The binding affinity was predicted by a hybrid machine learning setup, which combines descriptor-based QSAR models and a neighborhood-aware heterogeneous graph neural network (NHGNN-DTA) architecture [https://github.com/hehh77/NHGNN-DTA (accessed 19 July 2025)] as an adaptation of newly published techniques for the drug target affinity prediction problem [31]. In the QSAR workflow, molecular descriptors and ECFP4 fingerprints were generated using PaDEL-Descriptor and RDKit, correspondingly. RF and SVM models, implemented with scikit-learn, were trained on a variety of bioassay datasets that have been cleaned up. Tenfold cross-validation and external test sets, balanced accuracy, F1-score, Matthews correlation coefficient (MCC), and ROC-AUC were employed to evaluate the models’ abilities.
Besides the QSAR models, we used the NHGNN-DTA framework, representing drug molecules and protein targets as a heterogeneous graph in which the nodes represent atoms, amino acids, and neighborhood interaction features. Molecular graphs were made from SMILES strings by RDKit. Atoms were nodes with their associated physicochemical features and bonds as edges. The protein sequence graphs were derived from the structural contact maps encoding the residues as nodes and edges connecting the spatial adjacency of the surface or the amino acids with the closest structural neighbors. The NHGNN component did not just collect the information from direct neighbors but also from different kinds of nodes and multiple-hop connections, thus getting deeper structural and functional features of ligand–protein interactions. PyTorch Geometric (2.4) was used to implement the NHGNN-DTA model, which was trained for 500 epochs with the Adam optimizer. Mean squared error (MSE) was used as the loss function. The performance of the model was evaluated using Root Mean Square Error (RMSE), Concordance Index (CI), Pearson correlation, and Spearman correlation coefficients, which are the same metrics used in benchmarking standards for drug–target affinity prediction. The predicted affinity scores of the QSAR models and NHGNN-DTA were plotted, and the compounds with the highest predicted affinities that were common to both approaches were selected. These top-scoring coconut-derived natural products were then chosen for further structure-based docking and molecular dynamics validation.

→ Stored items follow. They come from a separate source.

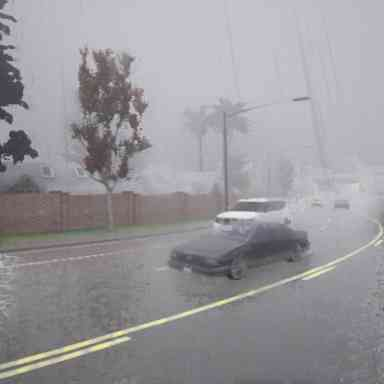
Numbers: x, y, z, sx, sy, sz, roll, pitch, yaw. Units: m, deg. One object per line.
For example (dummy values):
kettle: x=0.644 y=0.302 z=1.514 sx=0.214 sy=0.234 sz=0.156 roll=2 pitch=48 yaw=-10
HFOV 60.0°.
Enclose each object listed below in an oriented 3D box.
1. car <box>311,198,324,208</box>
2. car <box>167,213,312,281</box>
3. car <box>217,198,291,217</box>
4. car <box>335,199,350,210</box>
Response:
car: x=21.033 y=1.846 z=55.768 sx=1.882 sy=1.535 sz=5.008 roll=-1 pitch=-1 yaw=23
car: x=1.775 y=1.613 z=10.387 sx=5.357 sy=1.411 sz=2.033 roll=0 pitch=-1 yaw=-45
car: x=3.363 y=1.352 z=17.481 sx=2.150 sy=2.045 sz=5.566 roll=-1 pitch=-1 yaw=37
car: x=21.487 y=1.740 z=47.701 sx=1.882 sy=1.535 sz=5.008 roll=-1 pitch=-1 yaw=23

2.4. Protein and Ligand Preparation

M. tuberculosis proteins were initially selected from the Protein Data Bank (PDB) based on their reported involvement in essential biological processes, including cell wall biosynthesis, transcriptional regulation, iron acquisition, and energy metabolism. Based on these criteria, seven proteins were selected for detailed investigation: 2KGW (OmpATb domain), 3G1M (EthR), 3LOG (MbtI), 5JZX (MurB), 5LD8 and 5W07 (KasA/InhA-related enzymes), and 8J57 (ATP synthase Fo complex). The selected proteins comprised diverse functional classes such as enoyl-ACP reductase, KasA, MurB, MbtI, EthR, ATP synthase, and membrane-associated proteins. These targets were chosen due to their essential roles in bacterial survival and pathogenicity. Contact maps were generated from Cα-atom distances to capture spatial residue relationships. For molecular docking studies, all ligands were preprocessed using the LigPrep module, where geometry optimization and protonation were carried out at physiological conditions (pH 7 ± 2) employing Epik in conjunction with the OPLS4 force field (Schrödinger Maestro Release 2025-1; Epik, Schrödinger, LLC, New York, NY, USA). Protein structures were prepared with the Protein Preparation Wizard by eliminating crystallographic water molecules and cofactors, adding missing hydrogen atoms, correcting bond orders, and optimizing hydrogen-bonding networks at pH 7.4 ± 2, followed by restrained energy minimization using OPLS4. The stereochemical integrity of the prepared proteins was assessed through Ramachandran plot analysis, which confirmed that more than 95% of residues occupied favored conformational regions.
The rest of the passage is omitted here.